SOURCE DATA:
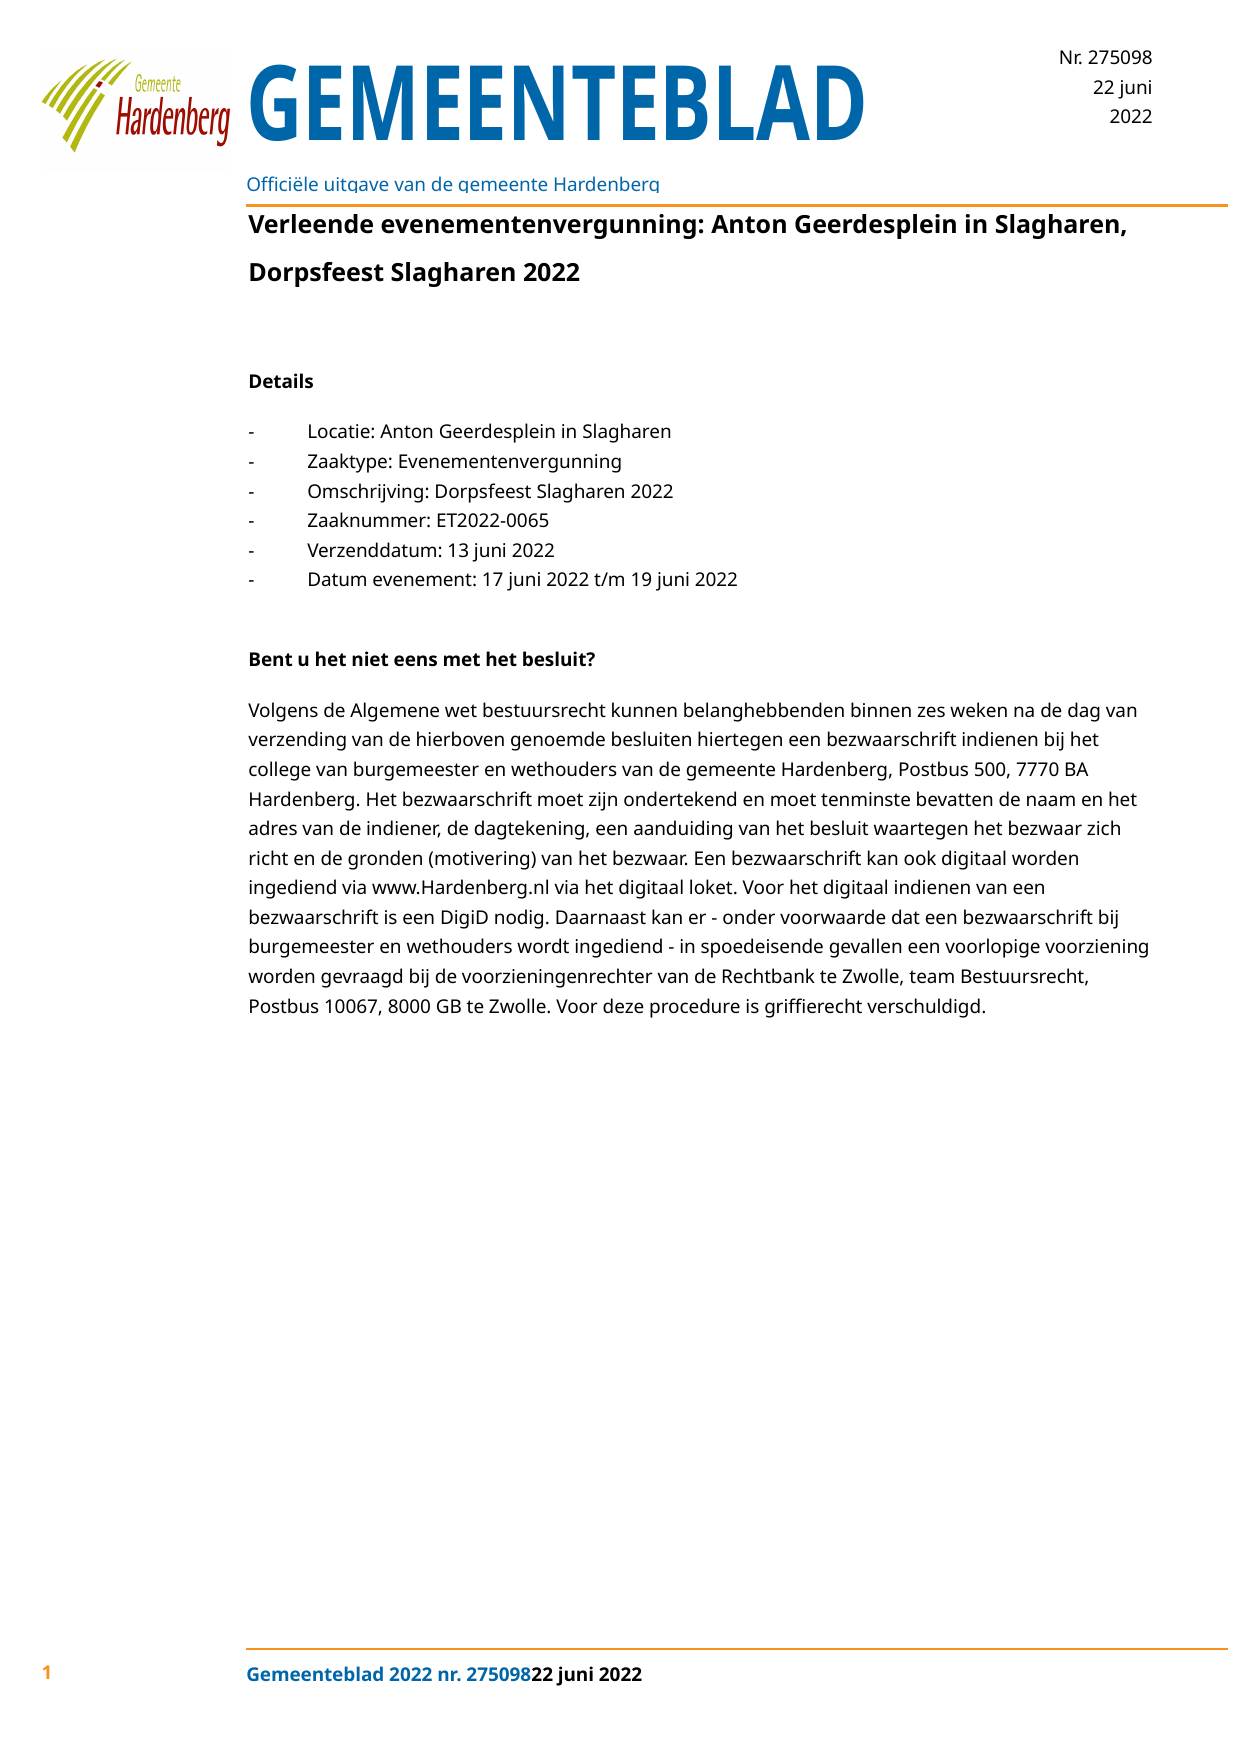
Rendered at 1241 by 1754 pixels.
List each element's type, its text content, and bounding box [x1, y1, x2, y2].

list Locatie: Anton Geerdesplein in Slagharen [248, 419, 1152, 444]
picture [41, 47, 231, 172]
text Details [248, 368, 1152, 394]
list Zaaknummer: ET2022-0065 [248, 507, 1152, 533]
text Bent u het niet eens met het besluit? [248, 647, 1152, 672]
list Omschrijving: Dorpsfeest Slagharen 2022 [248, 478, 1152, 504]
list Zaaktype: Evenementenvergunning [248, 448, 1152, 474]
text Verleende evenementenvergunning: Anton Geerdesplein in Slagharen, Dorpsfeest Slagharen 2022 [248, 207, 1152, 288]
list Datum evenement: 17 juni 2022 t/m 19 juni 2022 [248, 567, 1152, 592]
list Verzenddatum: 13 juni 2022 [248, 537, 1152, 563]
text Volgens de Algemene wet bestuursrecht kunnen belanghebbenden binnen zes weken na de dag van verzending van de hierboven genoemde besluiten hiertegen een bezwaarschrift indienen bij het college van burgemeester en wethouders van de gemeente Hardenberg, Postbus 500, 7770 BA Hardenberg. Het bezwaarschrift moet zijn ondertekend en moet tenminste bevatten de naam en het adres van de indiener, de dagtekening, een aanduiding van het besluit waartegen het bezwaar zich richt en de gronden (motivering) van het bezwaar. Een bezwaarschrift kan ook digitaal worden ingediend via www.Hardenberg.nl via het digitaal loket. Voor het digitaal indienen van een bezwaarschrift is een DigiD nodig. Daarnaast kan er - onder voorwaarde dat een bezwaarschrift bij burgemeester en wethouders wordt ingediend - in spoedeisende gevallen een voorlopige voorziening worden gevraagd bij de voorzieningenrechter van de Rechtbank te Zwolle, team Bestuursrecht, Postbus 10067, 8000 GB te Zwolle. Voor deze procedure is griffierecht verschuldigd. [248, 697, 1152, 1019]

WHAT YOU SHOULD DO:
Give back exactly the lines above, from the line containing "text Details [248, 368, 1152, 394]" through the line containing "list Datum evenement: 17", with both end lines and nothing more.

ANSWER AREA:
text Details [248, 368, 1152, 394]
list Zaaknummer: ET2022-0065 [248, 507, 1152, 533]
text Bent u het niet eens met het besluit? [248, 647, 1152, 672]
list Omschrijving: Dorpsfeest Slagharen 2022 [248, 478, 1152, 504]
list Zaaktype: Evenementenvergunning [248, 448, 1152, 474]
text Verleende evenementenvergunning: Anton Geerdesplein in Slagharen, Dorpsfeest Slagharen 2022 [248, 207, 1152, 288]
list Datum evenement: 17 juni 2022 t/m 19 juni 2022 [248, 567, 1152, 592]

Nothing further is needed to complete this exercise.